You can also make this even more healthful by adding some pumpkin to make pumpkin custard. Essentially all you need to do is swap out half the milk for pureed pumpkin. What a wonderful way to get a serving of vegetables first thing in the morning.
What’s your favorite nourishing breakfast?
I can also be found at Chiot’s Run where I blog daily about gardening, cooking, local eating, beekeeping and more; I also blog at Eat Outside the Bag blogging about all things food & cooking. You can also find me at Your Day Magazine, Not Dabbling in Normal, and you can follow me on Twitter and on Facebook.
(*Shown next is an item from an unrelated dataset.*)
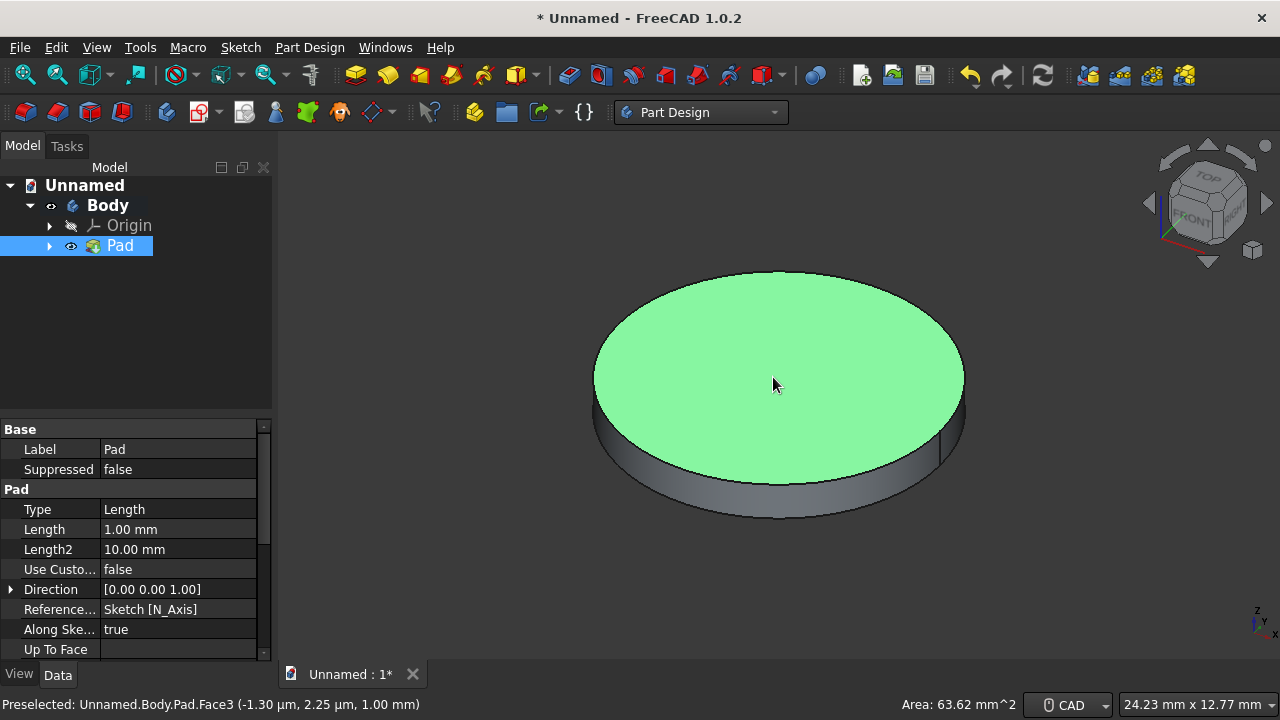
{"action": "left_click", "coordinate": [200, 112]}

*true or sweet cinnamon is different than the regular cinnamon you buy at the store (unless you have access to a hispanic store), it’s much sweeter, less cloying, and blends so much more beautifully with sweet dishes like this one. You can buy organic true cinnamon from Mountain Rose Herbs for a great price, I always have a big bag on hand. Cinnamon is a healthy addition to your diet, containing lots of manganese, calcium and iron. It also contains trace minerals that help regulate blood sugar. Here’s some great info on the health benefits of cinnamon.
**Vanilla beans can be quite pricey in the grocery store, but if you buy in bulk from Saffron.com it’s very nicely priced. Vanilla is also a healthy addition to your diet adding a wide variety of minerals and vitamins, it’s a natural anti-depressant and it help you relax (good for nighttime beverages). Here’s a great article about the health benefits of vanilla. You can also rinse and dry vanilla beans after using them in this recipe and throw them in your sugar crock to impart flavor. Or add to a bottle of brandy, bourbon or vodka to make your own vanilla.